__Data to process__.
───
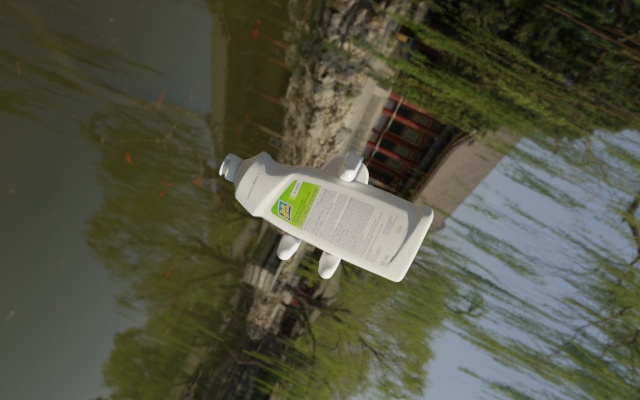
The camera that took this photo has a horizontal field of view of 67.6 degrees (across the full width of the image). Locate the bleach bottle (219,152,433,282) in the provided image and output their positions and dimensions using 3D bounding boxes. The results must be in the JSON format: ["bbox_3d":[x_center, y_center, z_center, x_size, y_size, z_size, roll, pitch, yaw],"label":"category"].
[{"bbox_3d":[0.000,0.002,0.579,0.251,0.102,0.068,26,5,1],"label":"bleach bottle"}]
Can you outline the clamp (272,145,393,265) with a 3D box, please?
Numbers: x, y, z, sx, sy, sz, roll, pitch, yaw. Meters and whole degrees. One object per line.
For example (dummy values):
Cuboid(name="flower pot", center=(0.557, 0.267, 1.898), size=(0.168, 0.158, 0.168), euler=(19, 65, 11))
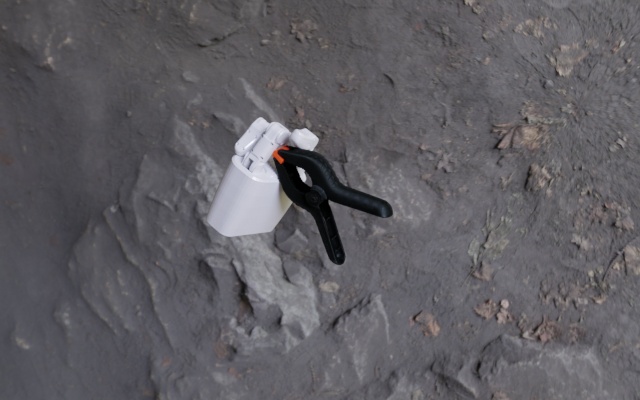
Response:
Cuboid(name="clamp", center=(0.000, 0.002, 0.619), size=(0.171, 0.120, 0.039), euler=(41, 30, 16))
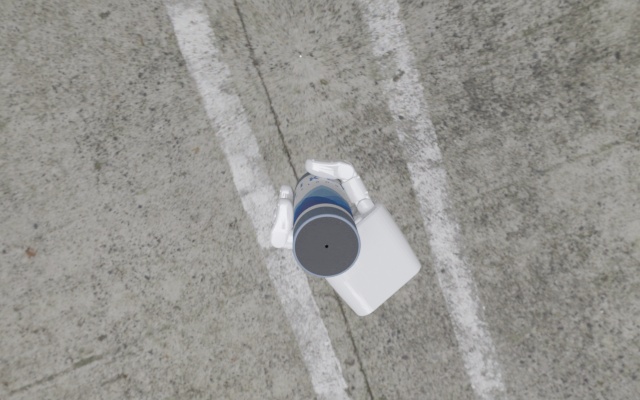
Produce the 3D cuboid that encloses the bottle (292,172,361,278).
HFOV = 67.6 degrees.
[{"bbox_3d":[0.000,0.002,0.599,0.069,0.069,0.295,0,17,-2],"label":"bottle"}]
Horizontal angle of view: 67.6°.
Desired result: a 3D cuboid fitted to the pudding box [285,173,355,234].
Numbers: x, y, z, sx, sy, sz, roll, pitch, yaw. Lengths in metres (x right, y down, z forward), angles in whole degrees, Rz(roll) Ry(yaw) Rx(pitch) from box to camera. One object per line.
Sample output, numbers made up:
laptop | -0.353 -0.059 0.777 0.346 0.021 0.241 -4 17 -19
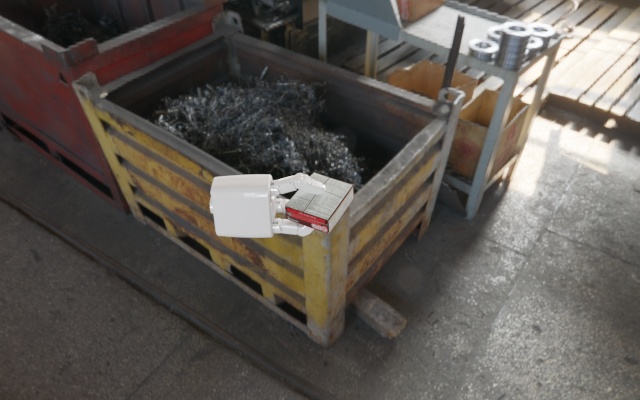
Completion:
pudding box | 0.000 0.003 0.877 0.090 0.039 0.113 19 48 21
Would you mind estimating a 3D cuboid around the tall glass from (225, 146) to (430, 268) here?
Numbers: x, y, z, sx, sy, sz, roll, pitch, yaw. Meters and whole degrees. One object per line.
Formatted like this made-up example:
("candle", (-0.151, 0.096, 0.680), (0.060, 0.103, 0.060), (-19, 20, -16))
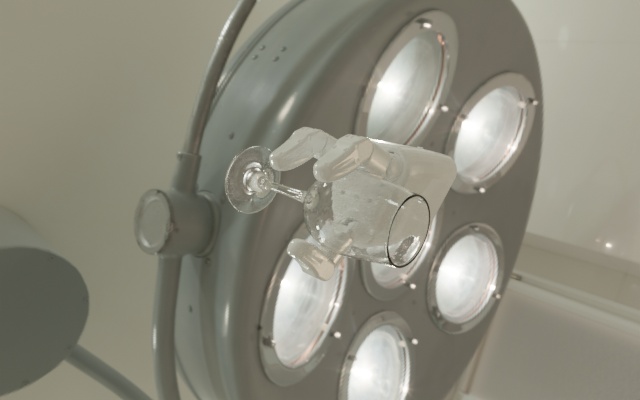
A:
("tall glass", (-0.001, 0.001, 0.447), (0.201, 0.079, 0.079), (18, 12, 41))
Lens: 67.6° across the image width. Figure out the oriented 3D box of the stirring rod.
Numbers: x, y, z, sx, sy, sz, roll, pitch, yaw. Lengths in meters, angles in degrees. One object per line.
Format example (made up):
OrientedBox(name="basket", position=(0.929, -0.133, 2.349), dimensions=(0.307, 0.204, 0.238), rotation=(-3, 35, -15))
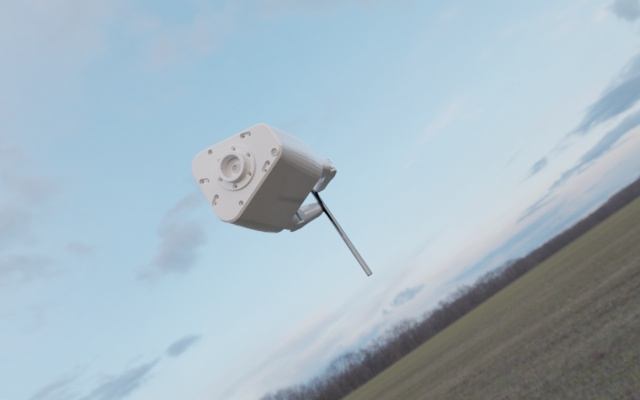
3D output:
OrientedBox(name="stirring rod", position=(0.000, 0.002, 0.654), dimensions=(0.011, 0.239, 0.011), rotation=(-30, -20, -12))
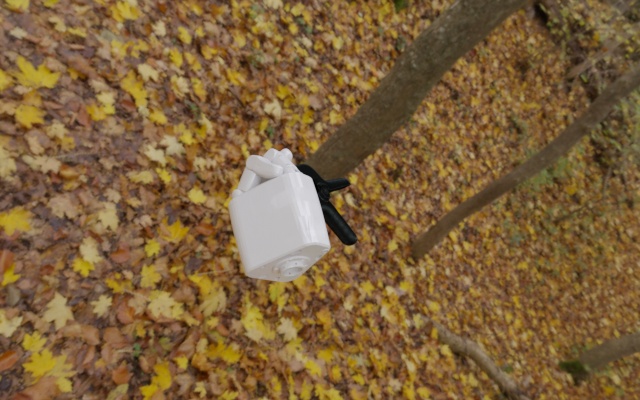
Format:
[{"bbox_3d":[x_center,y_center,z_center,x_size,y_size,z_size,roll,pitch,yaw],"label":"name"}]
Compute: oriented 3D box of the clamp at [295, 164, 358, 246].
[{"bbox_3d":[0.000,0.002,0.722,0.039,0.120,0.171,-34,-33,31],"label":"clamp"}]
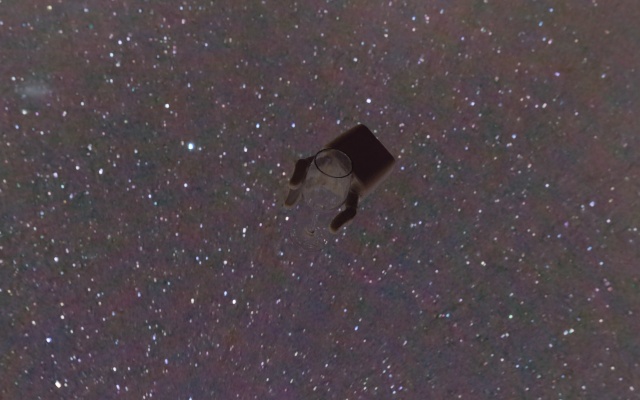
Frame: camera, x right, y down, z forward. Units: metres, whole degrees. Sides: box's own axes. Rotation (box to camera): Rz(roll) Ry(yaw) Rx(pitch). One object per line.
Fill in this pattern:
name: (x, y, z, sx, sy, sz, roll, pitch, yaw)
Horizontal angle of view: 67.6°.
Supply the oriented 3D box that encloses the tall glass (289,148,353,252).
tall glass: (0.000, 0.003, 0.805, 0.079, 0.079, 0.201, 0, -37, -15)
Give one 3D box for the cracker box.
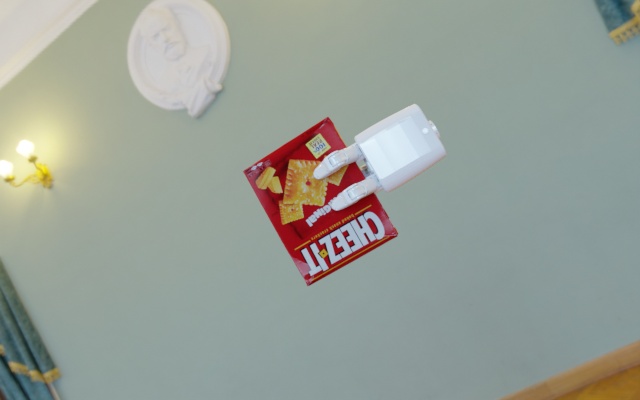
[{"bbox_3d":[0.000,0.002,0.759,0.164,0.213,0.072,-31,-6,8],"label":"cracker box"}]
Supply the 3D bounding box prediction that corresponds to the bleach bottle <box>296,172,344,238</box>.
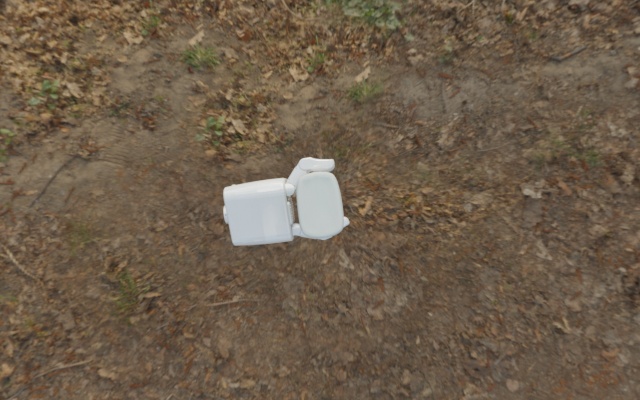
[{"bbox_3d":[0.000,0.003,0.831,0.068,0.102,0.251,-7,1,1],"label":"bleach bottle"}]
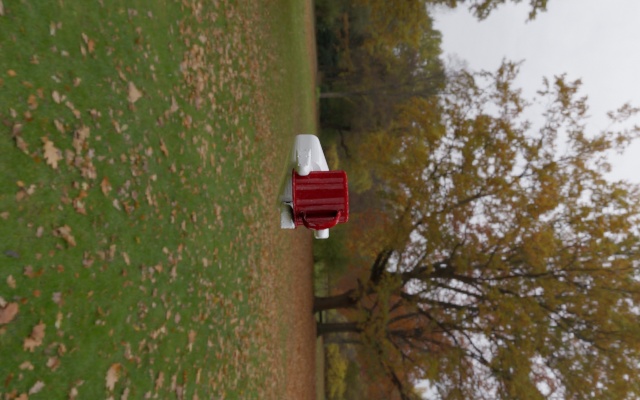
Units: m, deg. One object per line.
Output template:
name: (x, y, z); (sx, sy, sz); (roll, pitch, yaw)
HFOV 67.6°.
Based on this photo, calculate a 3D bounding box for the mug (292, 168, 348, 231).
mug: (0.000, 0.003, 0.721); (0.081, 0.093, 0.117); (-2, 35, 0)
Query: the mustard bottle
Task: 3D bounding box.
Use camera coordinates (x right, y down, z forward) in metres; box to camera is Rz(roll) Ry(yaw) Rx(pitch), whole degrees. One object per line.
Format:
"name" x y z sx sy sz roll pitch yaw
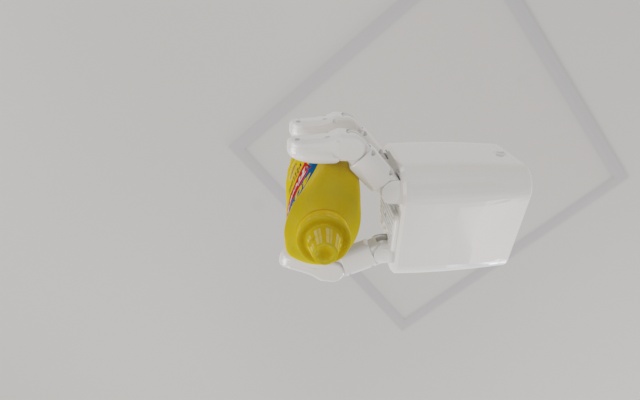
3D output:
"mustard bottle" 0.000 0.001 0.421 0.058 0.096 0.191 21 20 -11
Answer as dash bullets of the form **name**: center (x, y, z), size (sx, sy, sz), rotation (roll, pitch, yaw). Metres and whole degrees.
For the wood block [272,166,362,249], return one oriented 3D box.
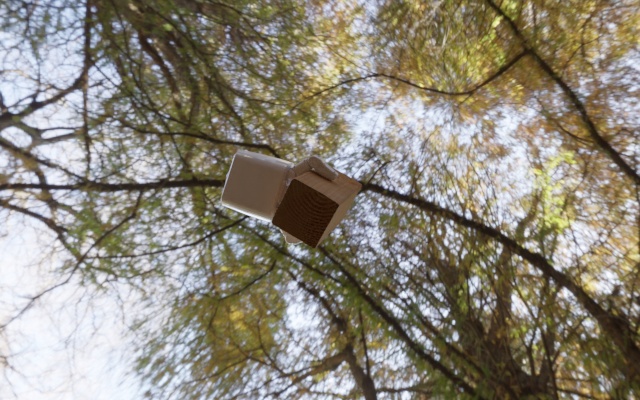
- **wood block**: center (0.000, 0.002, 0.874), size (0.090, 0.091, 0.206), rotation (30, 17, 8)
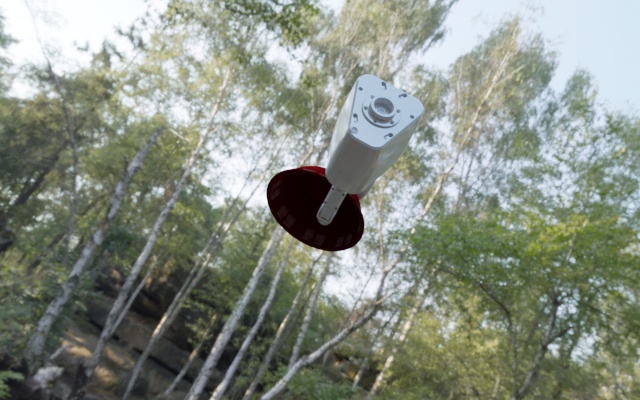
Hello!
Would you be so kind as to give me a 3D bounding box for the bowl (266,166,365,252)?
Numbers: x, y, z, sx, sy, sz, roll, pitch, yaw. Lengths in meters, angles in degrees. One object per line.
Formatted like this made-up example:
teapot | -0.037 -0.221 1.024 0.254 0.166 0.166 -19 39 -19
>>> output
bowl | 0.000 0.003 0.731 0.162 0.162 0.055 0 39 32
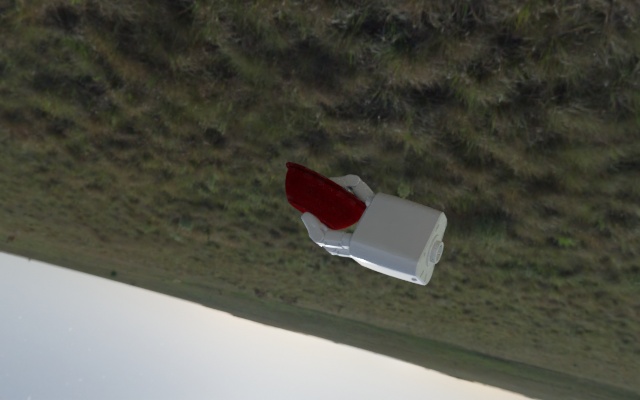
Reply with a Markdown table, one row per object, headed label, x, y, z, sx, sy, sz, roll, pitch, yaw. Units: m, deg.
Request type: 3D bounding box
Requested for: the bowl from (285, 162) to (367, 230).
| label | x | y | z | sx | sy | sz | roll | pitch | yaw |
| --- | --- | --- | --- | --- | --- | --- | --- | --- | --- |
| bowl | -0.001 | 0.003 | 0.778 | 0.162 | 0.055 | 0.162 | 30 | -7 | 4 |
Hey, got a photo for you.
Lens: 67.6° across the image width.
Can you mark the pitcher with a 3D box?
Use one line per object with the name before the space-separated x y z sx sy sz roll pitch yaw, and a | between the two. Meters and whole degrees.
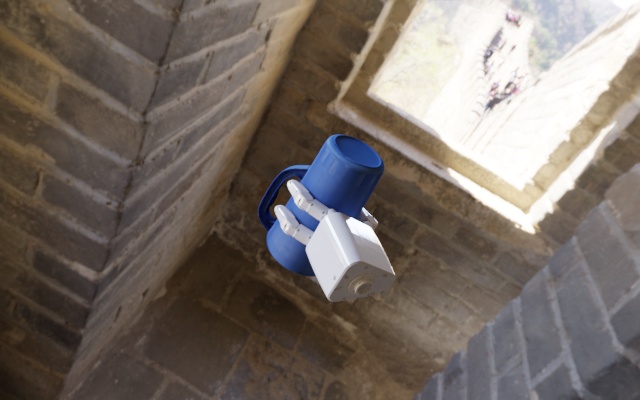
───
__Prompt__. Word for word, output the whole listing, but not its pictures.

__Exercise output__.
The camera that took this photo has a horizontal field of view of 67.6 degrees (across the full width of the image). Locate the bleach bottle (219,152,433,282) in the provided image and output their positions and dimensions using 3D bounding boxes. The results must be in the JSON format: ["bbox_3d":[x_center, y_center, z_center, x_size, y_size, z_size, roll, pitch, yaw],"label":"category"].
[{"bbox_3d":[0.000,0.002,0.579,0.251,0.102,0.068,26,5,1],"label":"bleach bottle"}]
Can you outline the clamp (272,145,393,265) with a 3D box, please?
Numbers: x, y, z, sx, sy, sz, roll, pitch, yaw. Meters and whole degrees. One object per line.
For example (dummy values):
Cuboid(name="flower pot", center=(0.557, 0.267, 1.898), size=(0.168, 0.158, 0.168), euler=(19, 65, 11))
Response:
Cuboid(name="clamp", center=(0.000, 0.002, 0.619), size=(0.171, 0.120, 0.039), euler=(41, 30, 16))
Produce the 3D cuboid that encloses the bottle (292,172,361,278).
HFOV = 67.6 degrees.
[{"bbox_3d":[0.000,0.002,0.599,0.069,0.069,0.295,0,17,-2],"label":"bottle"}]
Horizontal angle of view: 67.6°.
Desired result: a 3D cuboid fitted to the pudding box [285,173,355,234].
Numbers: x, y, z, sx, sy, sz, roll, pitch, yaw. Lengths in metres (x right, y down, z forward), angles in whole degrees, Rz(roll) Ry(yaw) Rx(pitch) from box to camera. One object per line.
Sample output, numbers made up:
laptop | -0.353 -0.059 0.777 0.346 0.021 0.241 -4 17 -19
Completion:
pudding box | 0.000 0.003 0.877 0.090 0.039 0.113 19 48 21
Would you mind estimating a 3D cuboid around the tall glass from (225, 146) to (430, 268) here?
Numbers: x, y, z, sx, sy, sz, roll, pitch, yaw. Meters and whole degrees. One object per line.
Formatted like this made-up example:
("candle", (-0.151, 0.096, 0.680), (0.060, 0.103, 0.060), (-19, 20, -16))
A:
("tall glass", (-0.001, 0.001, 0.447), (0.201, 0.079, 0.079), (18, 12, 41))
Lens: 67.6° across the image width. Figure out the oriented 3D box of the stirring rod.
Numbers: x, y, z, sx, sy, sz, roll, pitch, yaw. Lengths in meters, angles in degrees. One object per line.
Format example (made up):
OrientedBox(name="basket", position=(0.929, -0.133, 2.349), dimensions=(0.307, 0.204, 0.238), rotation=(-3, 35, -15))
3D output:
OrientedBox(name="stirring rod", position=(0.000, 0.002, 0.654), dimensions=(0.011, 0.239, 0.011), rotation=(-30, -20, -12))
Format:
[{"bbox_3d":[x_center,y_center,z_center,x_size,y_size,z_size,roll,pitch,yaw],"label":"name"}]
Compute: oriented 3D box of the clamp at [295, 164, 358, 246].
[{"bbox_3d":[0.000,0.002,0.722,0.039,0.120,0.171,-34,-33,31],"label":"clamp"}]
Frame: camera, x right, y down, z forward. Units: metres, whole degrees. Sides: box's own axes. Rotation (box to camera): Rz(roll) Ry(yaw) Rx(pitch). One object per line.
Fill in this pattern:
name: (x, y, z, sx, sy, sz, roll, pitch, yaw)
Horizontal angle of view: 67.6°.
Supply the oriented 3D box that encloses the tall glass (289,148,353,252).
tall glass: (0.000, 0.003, 0.805, 0.079, 0.079, 0.201, 0, -37, -15)
Give one 3D box for the cracker box.
[{"bbox_3d":[0.000,0.002,0.759,0.164,0.213,0.072,-31,-6,8],"label":"cracker box"}]
Supply the 3D bounding box prediction that corresponds to the bleach bottle <box>296,172,344,238</box>.
[{"bbox_3d":[0.000,0.003,0.831,0.068,0.102,0.251,-7,1,1],"label":"bleach bottle"}]
Units: m, deg. One object per line.
Output template:
name: (x, y, z); (sx, sy, sz); (roll, pitch, yaw)
HFOV 67.6°.
Based on this photo, calculate a 3D bounding box for the mug (292, 168, 348, 231).
mug: (0.000, 0.003, 0.721); (0.081, 0.093, 0.117); (-2, 35, 0)
Query: the mustard bottle
Task: 3D bounding box.
Use camera coordinates (x right, y down, z forward) in metres; box to camera is Rz(roll) Ry(yaw) Rx(pitch), whole degrees. One object per line.
Format:
"name" x y z sx sy sz roll pitch yaw
3D output:
"mustard bottle" 0.000 0.001 0.421 0.058 0.096 0.191 21 20 -11
Answer as dash bullets of the form **name**: center (x, y, z), size (sx, sy, sz), rotation (roll, pitch, yaw). Metres and whole degrees.
For the wood block [272,166,362,249], return one oriented 3D box.
- **wood block**: center (0.000, 0.002, 0.874), size (0.090, 0.091, 0.206), rotation (30, 17, 8)
Hello!
Would you be so kind as to give me a 3D bounding box for the bowl (266,166,365,252)?
Numbers: x, y, z, sx, sy, sz, roll, pitch, yaw. Lengths in meters, angles in degrees. One object per line.
Formatted like this made-up example:
teapot | -0.037 -0.221 1.024 0.254 0.166 0.166 -19 39 -19
>>> output
bowl | 0.000 0.003 0.731 0.162 0.162 0.055 0 39 32
Reply with a Markdown table, one row per object, headed label, x, y, z, sx, sy, sz, roll, pitch, yaw. Units: m, deg.
Request type: 3D bounding box
Requested for: the bowl from (285, 162) to (367, 230).
| label | x | y | z | sx | sy | sz | roll | pitch | yaw |
| --- | --- | --- | --- | --- | --- | --- | --- | --- | --- |
| bowl | -0.001 | 0.003 | 0.778 | 0.162 | 0.055 | 0.162 | 30 | -7 | 4 |
Hey, got a photo for you.
Lens: 67.6° across the image width.
Can you mark the pitcher with a 3D box?
Use one line per object with the name before the space-separated x y z sx sy sz roll pitch yaw, and a | between the two. Meters and whole degrees.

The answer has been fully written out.